Our vision is to be a premier laboratory of artificial intelligence (AI), biomedical physics, and bioengineering in the world. We are embarking systematic research on various important issues in these fields by combining our strengths in medical physics, engineering, biology, and medicine. The following are a few highlights of our current research focuses:
Development of novel AI strategies for disease diagnosis, treatment planning, therapeutic guidance, prognosis and outcome assessment
Deep learning-driven image reconstruction and analysis, as well the clinical implementation of the novel quantitative image processing techniques
Nanotechnology and molecular/biological imaging for precision medicine
2/14/21: Research by Jean-Emmanuel Bibault and Lei Xing on using deep learning to predict cancer prevalence from satellite images was highlighted by the popular newspaper Le Figaro in a beautifully-titled article, "When Man’s Health is Assessed from Space." Read it here (in French)!

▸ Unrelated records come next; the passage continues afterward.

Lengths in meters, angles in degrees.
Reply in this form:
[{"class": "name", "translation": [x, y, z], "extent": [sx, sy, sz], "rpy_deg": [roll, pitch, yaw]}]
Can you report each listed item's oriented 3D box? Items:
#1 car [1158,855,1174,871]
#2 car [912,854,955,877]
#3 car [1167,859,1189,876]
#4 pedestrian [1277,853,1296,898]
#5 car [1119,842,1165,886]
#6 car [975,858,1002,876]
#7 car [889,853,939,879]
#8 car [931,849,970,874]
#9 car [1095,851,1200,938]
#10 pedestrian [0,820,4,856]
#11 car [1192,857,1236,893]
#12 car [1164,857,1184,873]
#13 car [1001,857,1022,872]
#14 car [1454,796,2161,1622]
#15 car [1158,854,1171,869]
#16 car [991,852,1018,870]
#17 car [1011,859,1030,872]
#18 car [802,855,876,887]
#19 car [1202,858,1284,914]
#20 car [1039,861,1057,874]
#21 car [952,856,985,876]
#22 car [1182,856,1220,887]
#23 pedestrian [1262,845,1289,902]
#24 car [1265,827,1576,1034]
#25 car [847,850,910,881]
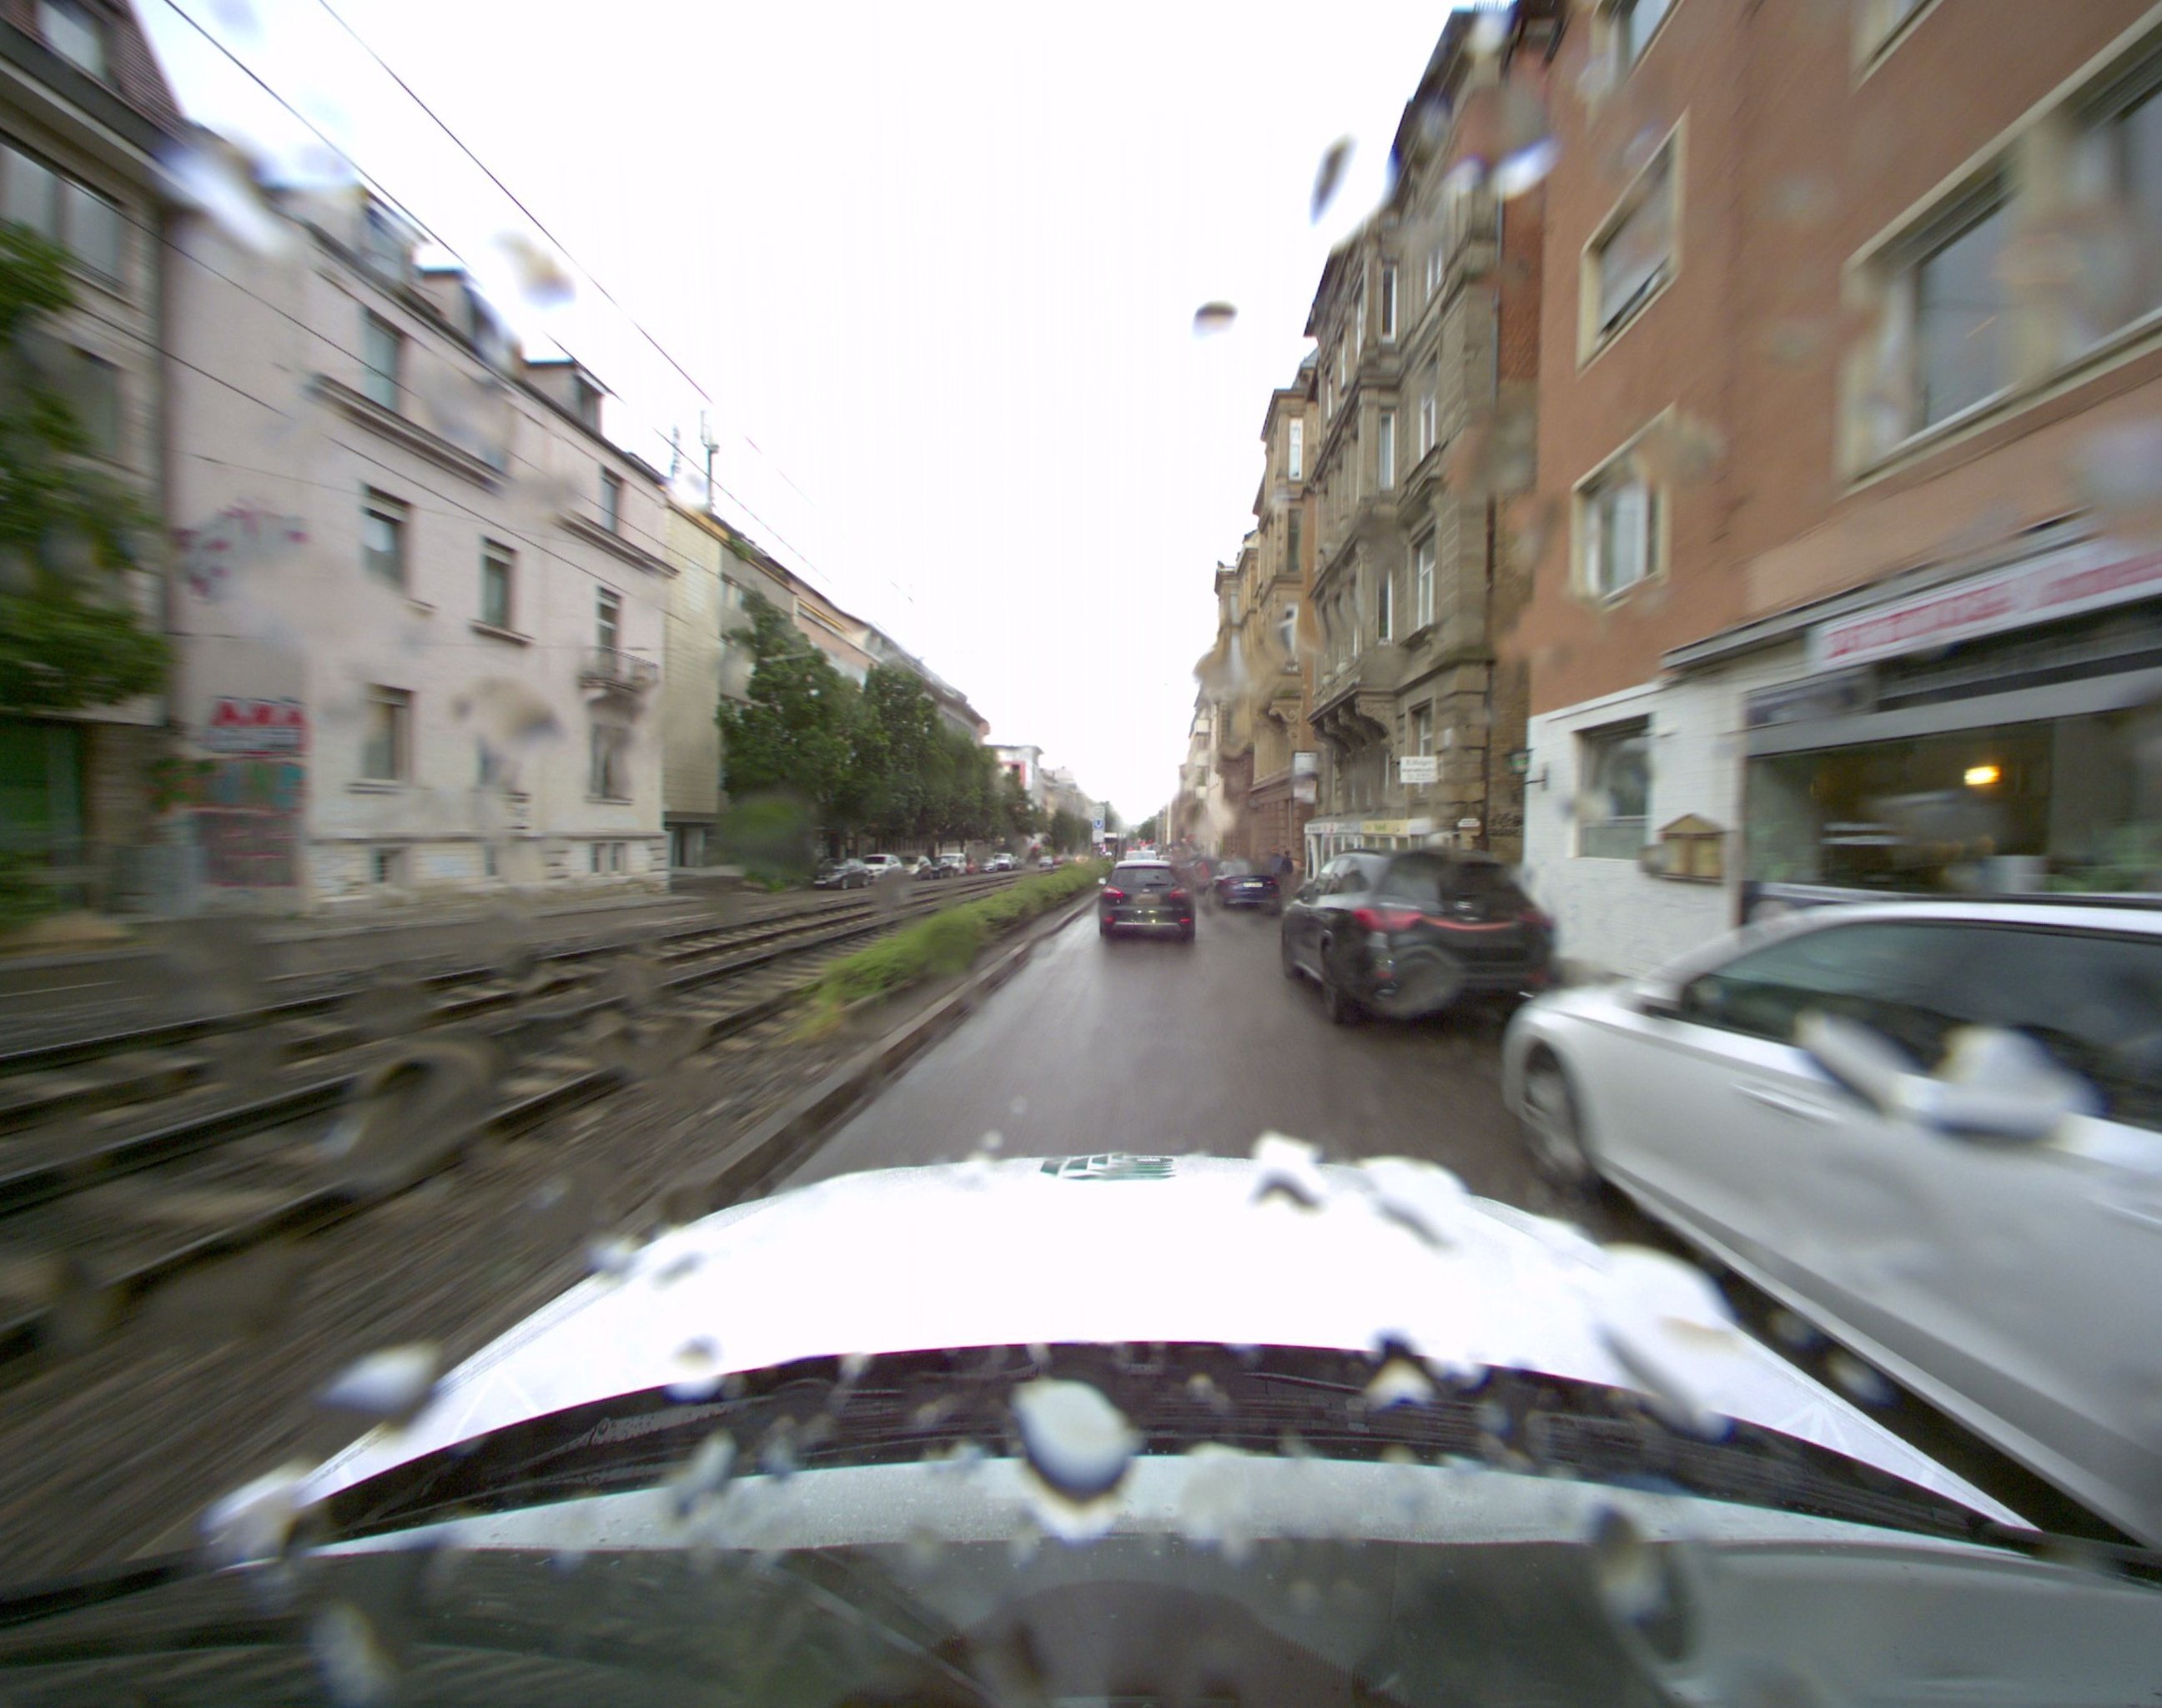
[{"class": "car", "translation": [10.514, 1.152, 101.168], "extent": [1.830, 1.781, 3.783], "rpy_deg": [3, -2, 5]}, {"class": "car", "translation": [-10.075, 0.820, 55.917], "extent": [1.847, 1.418, 4.436], "rpy_deg": [-1, -2, 5]}, {"class": "car", "translation": [8.130, 1.136, 68.595], "extent": [1.663, 1.421, 3.480], "rpy_deg": [0, -1, 4]}, {"class": "pedestrian", "translation": [7.277, 0.762, 28.855], "extent": [0.517, 1.579, 0.678], "rpy_deg": [-2, -3, 4]}, {"class": "car", "translation": [3.125, 0.479, 40.963], "extent": [1.977, 2.060, 4.655], "rpy_deg": [1, 0, 8]}, {"class": "car", "translation": [-8.488, 1.233, 75.001], "extent": [1.660, 1.558, 4.050], "rpy_deg": [2, -2, 5]}, {"class": "car", "translation": [-10.382, 0.787, 51.021], "extent": [1.847, 1.549, 4.436], "rpy_deg": [2, -2, 5]}, {"class": "car", "translation": [-9.831, 0.590, 61.767], "extent": [1.847, 1.701, 4.436], "rpy_deg": [2, -2, 5]}, {"class": "car", "translation": [1.251, 0.748, 16.219], "extent": [1.835, 1.507, 4.002], "rpy_deg": [0, -1, 2]}, {"class": "pedestrian", "translation": [-18.007, 0.249, 13.078], "extent": [0.467, 1.652, 0.580], "rpy_deg": [4, -2, -8]}, {"class": "car", "translation": [5.721, 0.885, 35.302], "extent": [1.642, 1.460, 3.480], "rpy_deg": [0, -1, 5]}, {"class": "car", "translation": [8.561, 0.986, 75.155], "extent": [1.663, 1.421, 3.480], "rpy_deg": [0, -1, 4]}, {"class": "car", "translation": [-7.744, 1.186, 90.865], "extent": [1.687, 1.574, 4.050], "rpy_deg": [2, -2, 5]}, {"class": "car", "translation": [2.888, 0.655, 2.406], "extent": [1.793, 1.456, 4.592], "rpy_deg": [0, -2, 5]}, {"class": "car", "translation": [10.976, 1.012, 107.120], "extent": [1.584, 1.781, 3.783], "rpy_deg": [3, -2, 5]}, {"class": "car", "translation": [-7.882, 0.751, 84.341], "extent": [1.847, 1.637, 4.941], "rpy_deg": [2, -2, 5]}, {"class": "car", "translation": [-7.139, 1.388, 96.603], "extent": [1.543, 1.395, 4.050], "rpy_deg": [2, -2, 5]}, {"class": "car", "translation": [-11.376, 0.833, 38.577], "extent": [1.686, 1.378, 4.726], "rpy_deg": [2, -2, 5]}, {"class": "car", "translation": [4.503, 0.879, 23.172], "extent": [1.783, 1.407, 4.262], "rpy_deg": [1, -2, 5]}, {"class": "car", "translation": [-4.485, 1.900, 110.442], "extent": [1.847, 1.637, 4.050], "rpy_deg": [2, -2, 5]}, {"class": "car", "translation": [-9.359, 1.043, 67.942], "extent": [1.847, 1.527, 4.050], "rpy_deg": [2, -2, 5]}, {"class": "car", "translation": [5.994, 0.860, 40.891], "extent": [1.570, 1.460, 3.824], "rpy_deg": [0, -1, 3]}, {"class": "pedestrian", "translation": [6.406, 0.634, 26.843], "extent": [0.700, 1.819, 0.962], "rpy_deg": [-2, 0, 4]}, {"class": "car", "translation": [3.283, 0.679, 8.933], "extent": [1.836, 1.632, 4.592], "rpy_deg": [1, -2, 5]}, {"class": "car", "translation": [-11.018, 0.685, 44.707], "extent": [1.847, 1.549, 4.726], "rpy_deg": [2, -2, 5]}]

11/10/20: Xing Lab research was recently featured in Stanford's Bio-X News! Notably, our broadly applicable data-driven algorithm for dimensionality reduction was published in Nature Biomedical Engineering.
11/1/20: The 2020 ASTRO Program Committee has selected our abstract titled "Dual-energy CT Imaging Using a Single-energy CT Data via Deep Learning: A Contrast-enhanced CT Study" for Best of ASTRO. Congratulations to Wei Zhao, Tianling Lv, Yang Chen and Lei Xing!
10/1/20: Our work on using AI to guide colorectal cancer care decision has been featured in Stanford Medicine and Bio-X news!
9/17/20: A new book edited by Lei Xing, Maryellen L. Giger, and James K. Min titled Artificial Intelligence in Medicine: Technical Basis and Clinical Applications has been published and is now available for purchase on Amazon.